So considering they fly towards me , with the moon behind them ... I will wait for the next full moon and use that to as my giant , natural backlight


----------



## Mitica100 (Jun 10, 2004)

Luminosity said:
			
		

> I agree ; I think bats are wonderful , mysterious creatures! They've had some bad press to date , what with the connection to shady characters such as Count Dracula and all  ......



Ahh... Count Dracula, all but a myth and a frightening story. While his name was _Vlad the Impaler _and nickname was _Dracul_(which could mean either _Devil_ or _Dragon_, Devil because he was cruel and unforgiving towards his enemies and Dragon because he belonged to the Order of Dragons, an old European title), he is regarded as one of the liberators since he fought off the Ottoman Empire. His methods of punishing the enemies were cruel, impaled them alive on high wooden stakes and it is said the Turks were frightened so much by such sight,  they retreated, never wanting to fight someone as cruel as him.  Transylvania has a dark (and pretty) name but has little to do with Vlad, he was briefly jailed there, escaping within months. And there was no such thing as blood drinking or blood sucking, all a fantasy by Bram Stoker.  However, it's a good fantasy, pretty scary if you ask me.

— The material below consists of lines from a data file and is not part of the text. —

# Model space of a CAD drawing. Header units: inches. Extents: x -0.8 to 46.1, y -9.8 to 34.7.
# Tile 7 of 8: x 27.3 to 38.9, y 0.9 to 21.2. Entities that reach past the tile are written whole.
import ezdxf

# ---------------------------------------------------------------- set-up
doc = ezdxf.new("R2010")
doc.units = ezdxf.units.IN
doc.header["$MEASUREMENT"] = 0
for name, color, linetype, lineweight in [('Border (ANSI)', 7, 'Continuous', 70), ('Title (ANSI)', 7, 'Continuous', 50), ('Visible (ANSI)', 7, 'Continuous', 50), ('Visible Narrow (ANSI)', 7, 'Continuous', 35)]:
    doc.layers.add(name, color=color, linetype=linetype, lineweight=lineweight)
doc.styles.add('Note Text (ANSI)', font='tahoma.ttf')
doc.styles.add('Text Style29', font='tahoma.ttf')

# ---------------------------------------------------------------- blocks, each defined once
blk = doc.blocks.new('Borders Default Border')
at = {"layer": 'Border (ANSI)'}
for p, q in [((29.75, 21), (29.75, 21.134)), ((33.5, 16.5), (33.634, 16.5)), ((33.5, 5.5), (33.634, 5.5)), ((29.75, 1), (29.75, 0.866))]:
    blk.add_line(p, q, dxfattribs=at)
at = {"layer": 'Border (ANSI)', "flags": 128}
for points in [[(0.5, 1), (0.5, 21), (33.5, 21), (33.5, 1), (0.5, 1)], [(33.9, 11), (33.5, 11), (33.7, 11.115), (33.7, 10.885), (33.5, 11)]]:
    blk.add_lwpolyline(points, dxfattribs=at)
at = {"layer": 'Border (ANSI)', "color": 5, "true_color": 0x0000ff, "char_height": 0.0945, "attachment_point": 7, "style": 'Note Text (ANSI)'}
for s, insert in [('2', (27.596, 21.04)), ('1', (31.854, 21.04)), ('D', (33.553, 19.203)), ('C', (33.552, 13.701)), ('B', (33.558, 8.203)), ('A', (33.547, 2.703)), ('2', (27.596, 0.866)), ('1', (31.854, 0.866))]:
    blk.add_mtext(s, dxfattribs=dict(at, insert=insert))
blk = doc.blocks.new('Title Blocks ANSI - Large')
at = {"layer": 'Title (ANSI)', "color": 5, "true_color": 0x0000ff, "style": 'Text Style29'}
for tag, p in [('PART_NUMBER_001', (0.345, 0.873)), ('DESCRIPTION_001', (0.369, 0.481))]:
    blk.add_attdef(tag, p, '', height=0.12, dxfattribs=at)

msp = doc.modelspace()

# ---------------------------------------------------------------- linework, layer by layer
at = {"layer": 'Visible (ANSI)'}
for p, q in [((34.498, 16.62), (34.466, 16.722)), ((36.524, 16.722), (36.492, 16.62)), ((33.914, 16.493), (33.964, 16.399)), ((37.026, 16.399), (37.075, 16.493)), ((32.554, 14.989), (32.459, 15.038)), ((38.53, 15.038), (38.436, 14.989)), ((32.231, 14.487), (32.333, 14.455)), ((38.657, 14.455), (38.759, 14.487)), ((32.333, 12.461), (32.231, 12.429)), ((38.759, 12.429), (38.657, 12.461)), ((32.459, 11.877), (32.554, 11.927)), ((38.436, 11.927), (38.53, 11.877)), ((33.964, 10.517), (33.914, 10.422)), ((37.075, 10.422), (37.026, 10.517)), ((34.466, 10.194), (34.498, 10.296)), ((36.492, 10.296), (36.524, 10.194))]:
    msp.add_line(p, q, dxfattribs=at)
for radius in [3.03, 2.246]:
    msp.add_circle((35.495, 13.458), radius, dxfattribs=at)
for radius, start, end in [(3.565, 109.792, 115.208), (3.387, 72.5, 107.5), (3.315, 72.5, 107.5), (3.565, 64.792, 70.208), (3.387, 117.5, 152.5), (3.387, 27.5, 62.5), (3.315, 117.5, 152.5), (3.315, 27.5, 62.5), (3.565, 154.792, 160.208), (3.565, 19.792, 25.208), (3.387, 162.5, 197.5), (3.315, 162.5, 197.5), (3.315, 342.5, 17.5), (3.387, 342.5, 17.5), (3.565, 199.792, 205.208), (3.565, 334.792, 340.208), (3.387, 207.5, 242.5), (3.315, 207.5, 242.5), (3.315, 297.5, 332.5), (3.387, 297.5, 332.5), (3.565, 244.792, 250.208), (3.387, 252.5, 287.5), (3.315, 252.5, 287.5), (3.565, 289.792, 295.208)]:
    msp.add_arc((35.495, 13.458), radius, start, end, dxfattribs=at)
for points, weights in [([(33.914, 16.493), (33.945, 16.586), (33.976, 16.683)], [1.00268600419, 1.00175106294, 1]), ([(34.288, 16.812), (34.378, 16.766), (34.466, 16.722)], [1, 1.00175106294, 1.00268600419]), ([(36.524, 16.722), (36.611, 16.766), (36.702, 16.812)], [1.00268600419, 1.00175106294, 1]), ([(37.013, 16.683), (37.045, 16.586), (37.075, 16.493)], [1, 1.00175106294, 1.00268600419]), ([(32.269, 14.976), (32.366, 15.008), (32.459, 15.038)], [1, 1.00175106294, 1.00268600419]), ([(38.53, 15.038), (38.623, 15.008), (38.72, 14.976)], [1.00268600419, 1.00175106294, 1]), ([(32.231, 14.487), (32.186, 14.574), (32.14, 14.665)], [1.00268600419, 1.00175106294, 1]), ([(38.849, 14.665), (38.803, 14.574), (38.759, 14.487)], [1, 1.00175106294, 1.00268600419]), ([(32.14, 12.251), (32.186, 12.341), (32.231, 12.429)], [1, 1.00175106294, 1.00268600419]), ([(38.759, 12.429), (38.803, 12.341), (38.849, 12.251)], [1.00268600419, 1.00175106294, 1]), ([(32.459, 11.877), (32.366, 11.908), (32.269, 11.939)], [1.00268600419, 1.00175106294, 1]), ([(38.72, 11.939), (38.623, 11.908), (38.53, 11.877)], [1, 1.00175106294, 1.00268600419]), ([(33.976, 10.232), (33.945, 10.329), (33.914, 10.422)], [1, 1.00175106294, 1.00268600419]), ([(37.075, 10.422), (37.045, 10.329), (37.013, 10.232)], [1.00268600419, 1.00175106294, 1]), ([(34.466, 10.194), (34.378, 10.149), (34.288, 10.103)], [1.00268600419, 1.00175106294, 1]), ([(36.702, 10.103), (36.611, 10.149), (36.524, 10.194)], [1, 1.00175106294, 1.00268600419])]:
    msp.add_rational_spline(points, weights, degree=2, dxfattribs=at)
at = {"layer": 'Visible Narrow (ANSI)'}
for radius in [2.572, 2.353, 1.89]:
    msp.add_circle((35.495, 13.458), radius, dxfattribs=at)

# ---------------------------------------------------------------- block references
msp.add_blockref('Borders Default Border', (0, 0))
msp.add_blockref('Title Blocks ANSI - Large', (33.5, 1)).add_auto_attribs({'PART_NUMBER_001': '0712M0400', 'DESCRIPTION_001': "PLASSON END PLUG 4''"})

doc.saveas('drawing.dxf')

And just for the kicks, my mom was born in Transylvania, I have been to Dracula's castle and his royal court many times.  Pretty country and one day, when I retire, I'm going to go back and do a photo essay.  I'll make sure to include some Romanian bats though...


----------



## steve817 (Jun 11, 2004)

Luminosity said:
			
		

> Mitica100 said:
> 
> 
> 
> ...


----------



## GerryDavid (Jun 11, 2004)

If your focusing on the moon, you could zoom in on it and somehow hook up a motion sensor so when theres motion infront of the moon itll trigger the shutter?  :0)

I dont have a clue how to hook up stuff like that.


----------